L'aspetto molto più cartoonesco del mondo di Alrest e dei protagonisti di Xenoblade Chronicles 2 ci aveva fatto temere che Monolith Soft, una volta tanto, avesse deciso di abbandonare le tematiche mature che hanno contraddistinto ogni suo JRPG dai tempi di Xenogears per PlayStation a favore di un approccio più adolescenziale. Lo sceneggiatore Tetsuya Takahashi ha ammesso di aver voluto scrivere una storia di crescita, concentrandosi sul personaggio di Rex, un ragazzo che si ritrova coinvolto in una grande avventura. In questo senso, le prime battute un po' goliardiche di Xenoblade Chronicles 2 ci hanno ricordato moltissimo alcuni grandi JRPG del passato come Grandia e Skies of Arcadia, mentre qualche cliché ci ha fatto pensare ai Tales di Bandai Namco, giochi di ruolo che da anni seguono un'impronta tipicamente "anime", soddisfacendo un pubblico ben preciso. In realtà, Takahashi non abbandonato proprio per niente le tematiche adulte che lo hanno reso famoso e Xenoblade Chronicles 2 rifila alcune imprevedibili palle curve, catapultando il giocatore in una disperata ricerca di risposte a domande che forse sarebbe stato meglio non formulare.

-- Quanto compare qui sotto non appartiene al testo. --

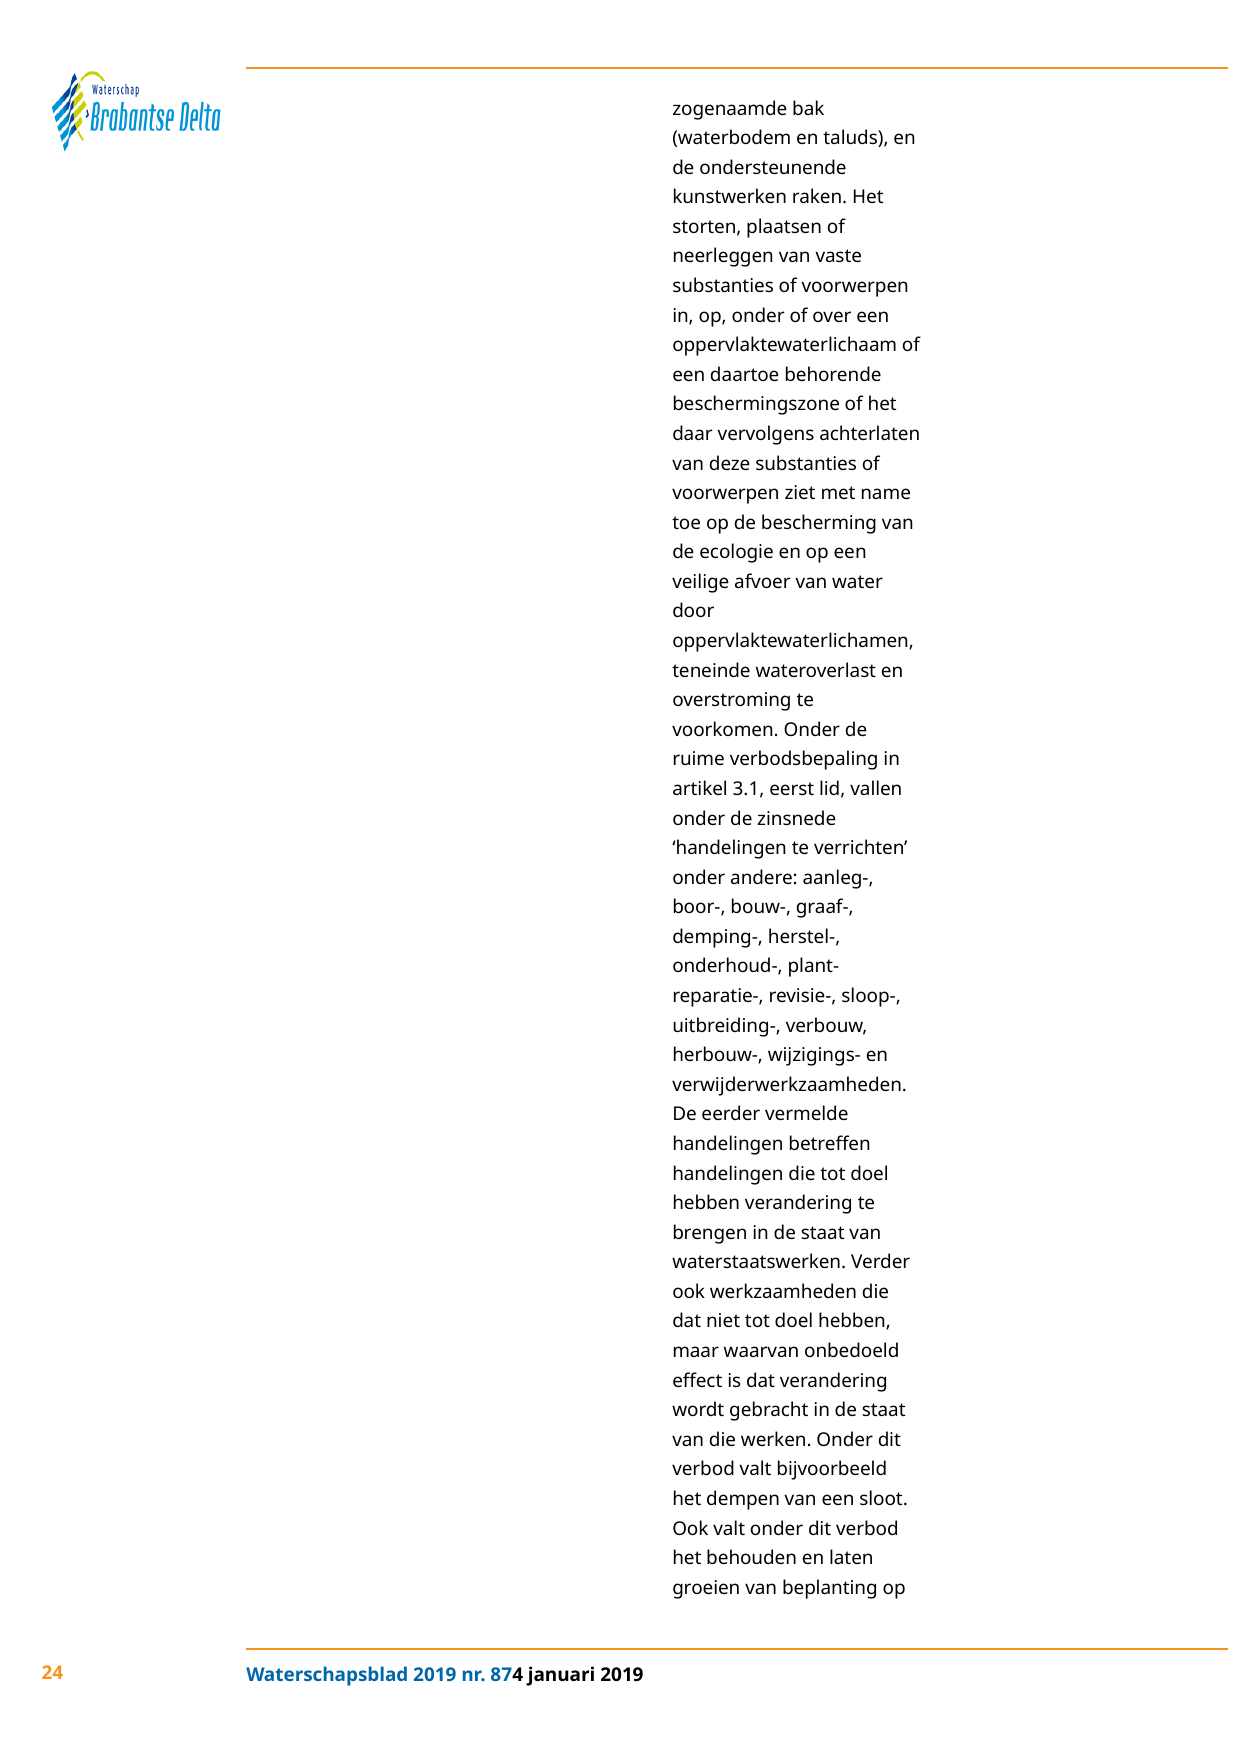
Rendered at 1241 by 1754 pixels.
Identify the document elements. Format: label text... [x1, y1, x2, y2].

table_cell [248, 95, 460, 1600]
table_cell zogenaamde bak (waterbodem en taluds), en de ondersteunende kunstwerken raken. Het storten, plaatsen of neerleggen van vaste substanties of voorwerpen in, op, onder of over een oppervlaktewaterlichaam of een daartoe behorende beschermingszone of het daar vervolgens achterlaten van deze substanties of voorwerpen ziet met name toe op de bescherming van de ecologie en op een veilige afvoer van water door oppervlaktewaterlichamen, teneinde wateroverlast en overstroming te voorkomen. Onder de ruime verbodsbepaling in artikel 3.1, eerst lid, vallen onder de zinsnede ‘handelingen te verrichten’ onder andere: aanleg-, boor-, bouw-, graaf-, demping-, herstel-, onderhoud-, plant- reparatie-, revisie-, sloop-, uitbreiding-, verbouw, herbouw-, wijzigings- en verwijderwerkzaamheden. De eerder vermelde handelingen betreffen handelingen die tot doel hebben verandering te brengen in de staat van waterstaatswerken. Verder ook werkzaamheden die dat niet tot doel hebben, maar waarvan onbedoeld effect is dat verandering wordt gebracht in de staat van die werken. Onder dit verbod valt bijvoorbeeld het dempen van een sloot. Ook valt onder dit verbod het behouden en laten groeien van beplanting op [672, 95, 921, 1600]
picture [41, 47, 231, 172]
table_cell [921, 95, 1152, 1600]
table_cell [460, 95, 672, 1600]

Se è vero che gli ultimi tre o quattro capitoli di Xenoblade Chronicles 2 sono un susseguirsi di colpi di scena, bisogna ammettere che il troncone centrale della narrazione risulta un po' diluito e straniante, specie se si gioca all'oscuro dei veri obiettivi dello sceneggiatore. Da questo punto di vista, il primo Xenoblade Chronicles proponeva una trama forse più coesa che cominciava con un viaggio in cerca di vendetta per tramutarsi molto più organicamente in una missione per salvare il mondo. Lì il fulcro della storia ruotava tutto intorno alla spada di Shulk e ai poteri che gli aveva conferito all'inizio del gioco, laddove Xenoblade Chronicles 2 si appoggia principalmente sulla decisione di Rex di raggiungere l'Albero del Mondo situato al centro di Alrest. Il drammatico prologo di Xenoblade Chronicles, insomma, stabiliva una posta molto più importante fin da subito, coinvolgendo il giocatore emotivamente nel giro di poche ore, senza mollarlo più: Xenoblade Chronicles 2, invece, pur ottenendo lo stesso risultato, ci mette qualche ora di troppo a ingranare.
Vincitore: Xenoblade Chronicles

Personaggi

Un gioco di ruolo non è nulla senza un cast all'altezza e Xenoblade Chronicles 2, fortunatamente, ha soddisfatto ogni nostra aspettativa. Tetsuya Takahashi è un genio della caratterizzazione, come può confermare chiunque abbia giocato a titoli come Xenogears o Xenosaga, quindi Xenoblade Chronicles e in minor misura Xenoblade Chronicles X: i suoi personaggi sono vividi, interessanti, sfaccettati. Purtroppo Xenoblade Chronicles 2 ha sollevato una polemica trita, ritrita e ormai sinceramente insopportabile sull'aspetto delle sue eroine. Molti hanno tacciato lo sviluppatore di sessismo per aver ideato il succinto costume di Pyra e il suo seno prosperoso, convinti che il gioco avrebbe offerto poco sul fronte della narrativa, preferendo sollecitare invece il lato ormonale dei giocatori. Fortunatamente non è stato questo il caso. Il cast di Xenoblade Chronicles 2 è eccellente a tutto tondo, a cominciare proprio da Pyra, un personaggio tutt'altro che scontato. Forse l'anello più debole della catena è proprio Rex, un protagonista tutto sommato prevedibile, accompagnato però da comprimari d'eccezione come la saggia Nia, la flemmatica Mórag o il geniale quanto buffo Tora. A loro si contrappongono una moltitudine di nemici misteriosi e carismatici come Malos e Akhos del Torna.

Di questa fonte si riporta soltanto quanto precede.